What to do
Which lines in the data below contain the word "appear"? Return each of them.

Material to process

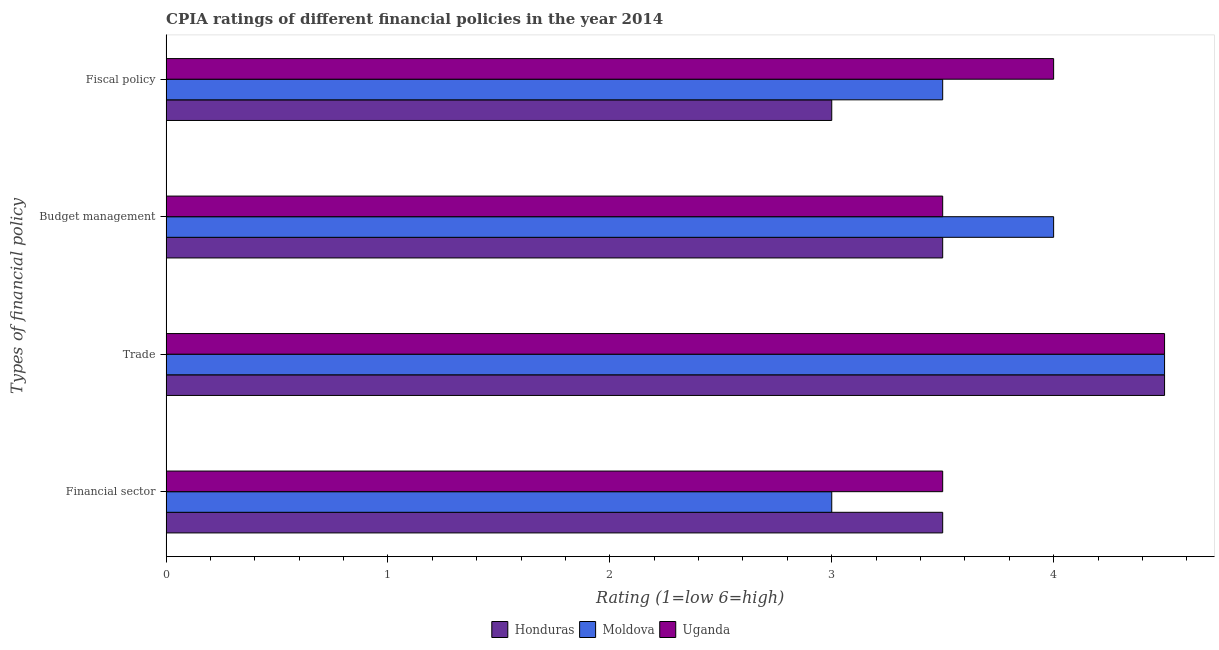Are the number of bars per tick equal to the number of legend labels?
Offer a terse response. Yes. Are the number of bars on each tick of the Y-axis equal?
Your answer should be compact. Yes. What is the label of the 3rd group of bars from the top?
Ensure brevity in your answer.  Trade. Across all countries, what is the minimum cpia rating of financial sector?
Offer a terse response. 3. In which country was the cpia rating of budget management maximum?
Give a very brief answer. Moldova. In which country was the cpia rating of fiscal policy minimum?
Offer a very short reply. Honduras. What is the total cpia rating of fiscal policy in the graph?
Your answer should be compact. 10.5. What is the difference between the cpia rating of trade in Moldova and the cpia rating of financial sector in Uganda?
Ensure brevity in your answer.  1. What is the average cpia rating of budget management per country?
Your answer should be very brief. 3.67. What is the ratio of the cpia rating of budget management in Uganda to that in Moldova?
Offer a very short reply. 0.88. Is the difference between the cpia rating of financial sector in Uganda and Honduras greater than the difference between the cpia rating of trade in Uganda and Honduras?
Give a very brief answer. No. What is the difference between the highest and the second highest cpia rating of fiscal policy?
Your answer should be very brief. 0.5. What is the difference between the highest and the lowest cpia rating of budget management?
Provide a short and direct response. 0.5. Is the sum of the cpia rating of trade in Honduras and Moldova greater than the maximum cpia rating of fiscal policy across all countries?
Make the answer very short. Yes. What does the 3rd bar from the top in Fiscal policy represents?
Offer a terse response. Honduras. What does the 2nd bar from the bottom in Budget management represents?
Your response must be concise. Moldova. Is it the case that in every country, the sum of the cpia rating of financial sector and cpia rating of trade is greater than the cpia rating of budget management?
Give a very brief answer. Yes. What is the difference between two consecutive major ticks on the X-axis?
Your answer should be very brief. 1. Are the values on the major ticks of X-axis written in scientific E-notation?
Give a very brief answer. No. Does the graph contain grids?
Offer a very short reply. No. Where does the legend appear in the graph?
Ensure brevity in your answer.  Bottom center. How are the legend labels stacked?
Ensure brevity in your answer.  Horizontal. What is the title of the graph?
Your response must be concise. CPIA ratings of different financial policies in the year 2014. Does "Kuwait" appear as one of the legend labels in the graph?
Your answer should be compact. No. What is the label or title of the X-axis?
Your response must be concise. Rating (1=low 6=high). What is the label or title of the Y-axis?
Give a very brief answer. Types of financial policy. What is the Rating (1=low 6=high) of Moldova in Financial sector?
Provide a succinct answer. 3. What is the Rating (1=low 6=high) of Uganda in Trade?
Ensure brevity in your answer.  4.5. What is the Rating (1=low 6=high) of Uganda in Budget management?
Your answer should be compact. 3.5. Across all Types of financial policy, what is the maximum Rating (1=low 6=high) of Moldova?
Your answer should be very brief. 4.5. Across all Types of financial policy, what is the minimum Rating (1=low 6=high) of Moldova?
Your answer should be compact. 3. What is the total Rating (1=low 6=high) of Honduras in the graph?
Offer a terse response. 14.5. What is the total Rating (1=low 6=high) of Moldova in the graph?
Keep it short and to the point. 15. What is the total Rating (1=low 6=high) of Uganda in the graph?
Your answer should be very brief. 15.5. What is the difference between the Rating (1=low 6=high) of Honduras in Financial sector and that in Budget management?
Keep it short and to the point. 0. What is the difference between the Rating (1=low 6=high) of Moldova in Financial sector and that in Budget management?
Ensure brevity in your answer.  -1. What is the difference between the Rating (1=low 6=high) in Uganda in Financial sector and that in Fiscal policy?
Offer a terse response. -0.5. What is the difference between the Rating (1=low 6=high) in Honduras in Trade and that in Budget management?
Your answer should be very brief. 1. What is the difference between the Rating (1=low 6=high) in Uganda in Trade and that in Budget management?
Provide a succinct answer. 1. What is the difference between the Rating (1=low 6=high) in Uganda in Trade and that in Fiscal policy?
Make the answer very short. 0.5. What is the difference between the Rating (1=low 6=high) of Moldova in Budget management and that in Fiscal policy?
Your answer should be very brief. 0.5. What is the difference between the Rating (1=low 6=high) of Uganda in Budget management and that in Fiscal policy?
Offer a very short reply. -0.5. What is the difference between the Rating (1=low 6=high) in Honduras in Financial sector and the Rating (1=low 6=high) in Moldova in Trade?
Keep it short and to the point. -1. What is the difference between the Rating (1=low 6=high) of Moldova in Financial sector and the Rating (1=low 6=high) of Uganda in Budget management?
Provide a short and direct response. -0.5. What is the difference between the Rating (1=low 6=high) of Honduras in Financial sector and the Rating (1=low 6=high) of Moldova in Fiscal policy?
Ensure brevity in your answer.  0. What is the difference between the Rating (1=low 6=high) of Moldova in Trade and the Rating (1=low 6=high) of Uganda in Budget management?
Offer a very short reply. 1. What is the difference between the Rating (1=low 6=high) of Moldova in Trade and the Rating (1=low 6=high) of Uganda in Fiscal policy?
Offer a very short reply. 0.5. What is the difference between the Rating (1=low 6=high) in Honduras in Budget management and the Rating (1=low 6=high) in Uganda in Fiscal policy?
Provide a short and direct response. -0.5. What is the average Rating (1=low 6=high) in Honduras per Types of financial policy?
Your answer should be very brief. 3.62. What is the average Rating (1=low 6=high) in Moldova per Types of financial policy?
Give a very brief answer. 3.75. What is the average Rating (1=low 6=high) of Uganda per Types of financial policy?
Offer a very short reply. 3.88. What is the difference between the Rating (1=low 6=high) of Honduras and Rating (1=low 6=high) of Moldova in Financial sector?
Provide a short and direct response. 0.5. What is the difference between the Rating (1=low 6=high) in Honduras and Rating (1=low 6=high) in Uganda in Financial sector?
Give a very brief answer. 0. What is the difference between the Rating (1=low 6=high) in Honduras and Rating (1=low 6=high) in Uganda in Trade?
Provide a short and direct response. 0. What is the difference between the Rating (1=low 6=high) in Moldova and Rating (1=low 6=high) in Uganda in Budget management?
Make the answer very short. 0.5. What is the difference between the Rating (1=low 6=high) in Honduras and Rating (1=low 6=high) in Moldova in Fiscal policy?
Your answer should be very brief. -0.5. What is the difference between the Rating (1=low 6=high) of Moldova and Rating (1=low 6=high) of Uganda in Fiscal policy?
Offer a terse response. -0.5. What is the ratio of the Rating (1=low 6=high) of Honduras in Financial sector to that in Trade?
Ensure brevity in your answer.  0.78. What is the ratio of the Rating (1=low 6=high) of Moldova in Financial sector to that in Trade?
Make the answer very short. 0.67. What is the ratio of the Rating (1=low 6=high) in Uganda in Financial sector to that in Trade?
Provide a succinct answer. 0.78. What is the ratio of the Rating (1=low 6=high) in Honduras in Financial sector to that in Budget management?
Offer a very short reply. 1. What is the ratio of the Rating (1=low 6=high) in Moldova in Financial sector to that in Budget management?
Your answer should be very brief. 0.75. What is the ratio of the Rating (1=low 6=high) in Moldova in Financial sector to that in Fiscal policy?
Your response must be concise. 0.86. What is the ratio of the Rating (1=low 6=high) of Uganda in Financial sector to that in Fiscal policy?
Keep it short and to the point. 0.88. What is the ratio of the Rating (1=low 6=high) of Uganda in Trade to that in Budget management?
Give a very brief answer. 1.29. What is the ratio of the Rating (1=low 6=high) of Uganda in Trade to that in Fiscal policy?
Offer a terse response. 1.12. What is the ratio of the Rating (1=low 6=high) in Honduras in Budget management to that in Fiscal policy?
Provide a short and direct response. 1.17. What is the ratio of the Rating (1=low 6=high) of Uganda in Budget management to that in Fiscal policy?
Offer a very short reply. 0.88. What is the difference between the highest and the second highest Rating (1=low 6=high) in Honduras?
Make the answer very short. 1. What is the difference between the highest and the second highest Rating (1=low 6=high) of Moldova?
Ensure brevity in your answer.  0.5. What is the difference between the highest and the lowest Rating (1=low 6=high) in Honduras?
Give a very brief answer. 1.5. What is the difference between the highest and the lowest Rating (1=low 6=high) of Uganda?
Keep it short and to the point. 1.

Expected answer
Offer a very short reply. No. Where does the legend appear in the graph?
Your response must be concise. CPIA ratings of different financial policies in the year 2014. Does "Kuwait" appear as one of the legend labels in the graph?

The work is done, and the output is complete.